- Born: 8 January 1935 Sunderland, England
- Died: 25 April 2025 (aged 90) Berkeley, California, U.S.
- Education: Cambridge University
- Scientific career
- Fields: Reproductive health, Population, Family planning
- Workplaces: School of Public Health, University of California, Berkeley

= Malcolm Potts =

British-American scientist (1935–2025)

David Malcolm Potts (8 January 1935 – 25 April 2025) was a British human reproductive scientist and professor of public health at the School of Public Health at the University of California, Berkeley.

Potts was the first holder of the Fred H. Bixby-endowed chair in Population and Family Planning and founding director of the Bixby Center for Population, Health, and Sustainability at the School of Public Health.

==Life and career==
Potts was born in Sunderland, England on 8 January 1935. He completed a medical degree and a PhD in embryology (on the electron microscopy of mammalian implantation) at the University of Cambridge. While at Cambridge, he co-founded the first clinic offering contraception to young people. He advised David Steel on the UK's 1967 Abortion Act. He was the first male doctor at the Marie Stopes Clinic in London.

He became the first medical director of the International Planned Parenthood Federation in 1968. In 1972, he was the first physician to promote the technique of uterine manual vacuum aspiration. He then moved to the United States and became CEO of Family Health International (FHI) from 1978 to 1990. During this period, FHI became the largest global AIDS prevention programme outside of the World Health Organization.
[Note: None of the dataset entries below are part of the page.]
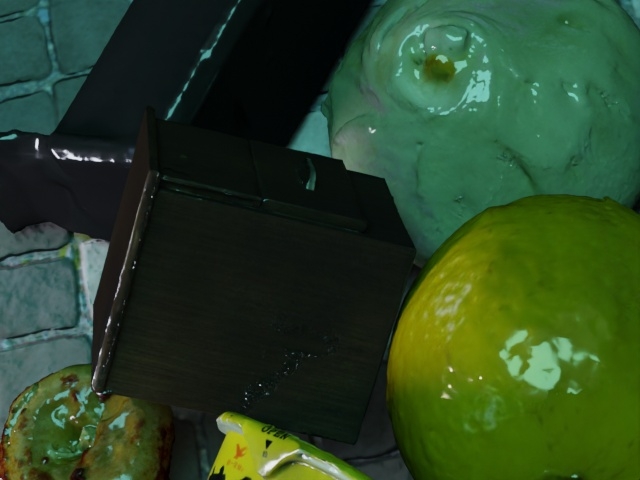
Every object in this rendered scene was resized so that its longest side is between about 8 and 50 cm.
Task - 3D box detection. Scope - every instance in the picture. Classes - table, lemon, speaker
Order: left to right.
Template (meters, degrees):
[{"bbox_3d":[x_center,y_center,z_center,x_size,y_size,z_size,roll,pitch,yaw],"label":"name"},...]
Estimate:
[{"bbox_3d":[-0.112,-0.164,1.511,0.184,0.180,0.388,21,69,25],"label":"speaker"},{"bbox_3d":[-0.051,0.020,1.313,0.193,0.169,0.172,14,107,-11],"label":"table"},{"bbox_3d":[0.170,0.094,1.271,0.260,0.260,0.284,25,26,21],"label":"lemon"}]

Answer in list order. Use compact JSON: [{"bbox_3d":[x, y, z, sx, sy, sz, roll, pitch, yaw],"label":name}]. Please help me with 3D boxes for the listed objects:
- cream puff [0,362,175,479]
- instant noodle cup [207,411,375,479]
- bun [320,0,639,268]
[{"bbox_3d":[-0.175,0.167,1.402,0.149,0.084,0.149,-3,60,5],"label":"cream puff"},{"bbox_3d":[0.014,0.296,1.191,0.325,0.325,0.254,26,80,21],"label":"instant noodle cup"},{"bbox_3d":[0.136,-0.119,1.439,0.283,0.179,0.283,-3,61,6],"label":"bun"}]
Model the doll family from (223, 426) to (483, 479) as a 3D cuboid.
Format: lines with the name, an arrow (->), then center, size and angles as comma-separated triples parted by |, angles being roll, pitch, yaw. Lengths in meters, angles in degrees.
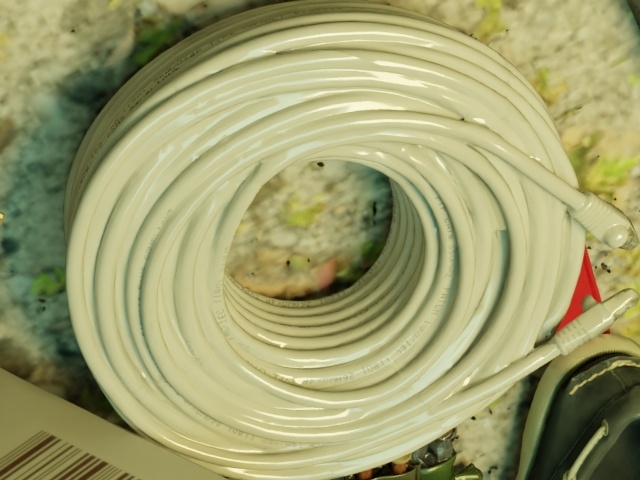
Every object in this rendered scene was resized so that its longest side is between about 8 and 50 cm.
doll family -> 0.001, 0.155, 1.042 | 0.193, 0.076, 0.111 | -5, 126, -7

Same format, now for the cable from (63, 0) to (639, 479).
cable -> 0.000, 0.000, 0.936 | 0.257, 0.089, 0.257 | -37, 122, 9

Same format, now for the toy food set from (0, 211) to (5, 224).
toy food set -> -0.217, -0.019, 0.907 | 0.122, 0.019, 0.078 | 26, 110, -19

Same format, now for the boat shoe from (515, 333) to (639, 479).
boat shoe -> 0.154, 0.177, 1.074 | 0.095, 0.079, 0.254 | 3, 118, -18

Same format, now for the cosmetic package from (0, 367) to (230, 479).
cosmetic package -> -0.125, 0.319, 0.986 | 0.161, 0.230, 0.453 | -35, 134, -42

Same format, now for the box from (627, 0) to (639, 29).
box -> 0.256, -0.129, 0.958 | 0.186, 0.038, 0.145 | -29, 124, 2

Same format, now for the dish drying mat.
dish drying mat -> 0.137, 0.032, 1.039 | 0.032, 0.008, 0.083 | -22, 124, -1

Potts published ten books and over 350 scientific papers and articles. His books include Abortion (co-written with Peter Diggory and John Peel, 1977), Textbook of Contraceptive Practice (1st edition co-written with John Peel, 1969; 2nd edition co-written with Peter Diggory, 1983; long the key textbook in the field), Queen Victoria's Gene (written with his brother Prof. William Potts), Ever since Adam and Eve: The Evolution of Human Sexuality (written with Dr Roger Short, 1999) and Sex and War: How Biology Explains Warfare and Terrorism and Offers a Path to a Safer World (co-written with Thomas Hayden, 2008). He worked as a consultant to the World Bank and the British, American, Canadian and Egyptian governments.

He served as:
- Founding Director, The Bixby Center for Population, Health, and Sustainability, 1992–2013.
- Board member, Population Services International, Washington, DC.
- Board Member, Venture Strategies for Health and Development, Berkeley, CA.
- Chair, Division of Community Health and Human Development, School of Public Health.
- Chair, Committee for the Protection of Human Subjects, University of California, Berkeley.
- Head, Global Health Specialty Area, School of Public Health.
- Fellow, Royal Academy of Engineering, 2003.

Potts was married four times, including to Caroline Deys in 1966, and had four children. He died from Alzheimer's disease in Berkeley, California on 25 April 2025, at the age of 90.